▶ _DIRECTIONS FOR THIS TASK_
Which lines of the records below contain the word "capture"? Report each of them in full.

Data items
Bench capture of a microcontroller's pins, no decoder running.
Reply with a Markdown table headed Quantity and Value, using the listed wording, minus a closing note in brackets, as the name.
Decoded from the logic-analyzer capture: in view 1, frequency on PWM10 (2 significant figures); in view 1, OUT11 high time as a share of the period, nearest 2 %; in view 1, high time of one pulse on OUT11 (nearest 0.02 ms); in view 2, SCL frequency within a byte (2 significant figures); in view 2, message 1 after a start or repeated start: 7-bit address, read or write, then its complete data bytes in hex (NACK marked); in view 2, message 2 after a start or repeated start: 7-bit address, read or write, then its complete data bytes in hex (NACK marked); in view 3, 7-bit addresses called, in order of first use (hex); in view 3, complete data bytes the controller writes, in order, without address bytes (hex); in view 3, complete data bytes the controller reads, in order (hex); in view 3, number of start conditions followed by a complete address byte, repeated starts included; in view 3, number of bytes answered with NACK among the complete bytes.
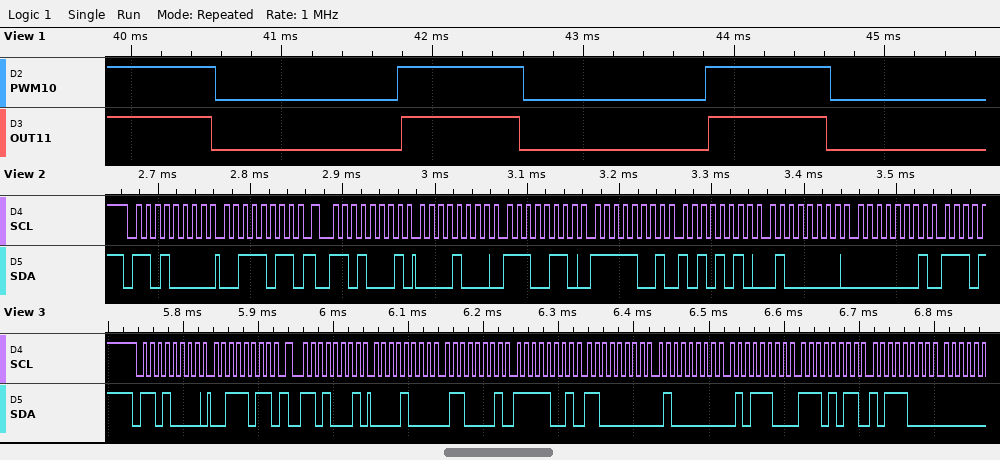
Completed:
| Quantity | Value |
|---|---|
| in view 1, frequency on PWM10 | 490 Hz |
| in view 1, OUT11 high time as a share of the period, nearest 2 % | 38 % |
| in view 1, high time of one pulse on OUT11 | 0.78 ms |
| in view 2, SCL frequency within a byte | 100 kHz |
| in view 2, message 1 after a start or repeated start: 7-bit address, read or write, then its complete data bytes in hex | 0x68 write: 3B |
| in view 2, message 2 after a start or repeated start: 7-bit address, read or write, then its complete data bytes in hex | 0x68 read: 08 E6 F9 AA 40 01 |
| in view 3, 7-bit addresses called, in order of first use | 0x68 |
| in view 3, complete data bytes the controller writes, in order, without address bytes | 3B |
| in view 3, complete data bytes the controller reads, in order | 08 61 F9 C0 40 5C EB B8 |
| in view 3, number of start conditions followed by a complete address byte, repeated starts included | 2 |
| in view 3, number of bytes answered with NACK among the complete bytes | 0 |

▶ _RESULT_
Bench capture of a microcontroller's pins, no decoder running.
Decoded from the logic-analyzer capture: in view 1, frequency on PWM10 (2 significant figures); in view 1, OUT11 high time as a share of the period, nearest 2 %; in view 1, high time of one pulse on OUT11 (nearest 0.02 ms); in view 2, SCL frequency within a byte (2 significant figures); in view 2, message 1 after a start or repeated start: 7-bit address, read or write, then its complete data bytes in hex (NACK marked); in view 2, message 2 after a start or repeated start: 7-bit address, read or write, then its complete data bytes in hex (NACK marked); in view 3, 7-bit addresses called, in order of first use (hex); in view 3, complete data bytes the controller writes, in order, without address bytes (hex); in view 3, complete data bytes the controller reads, in order (hex); in view 3, number of start conditions followed by a complete address byte, repeated starts included; in view 3, number of bytes answered with NACK among the complete bytes.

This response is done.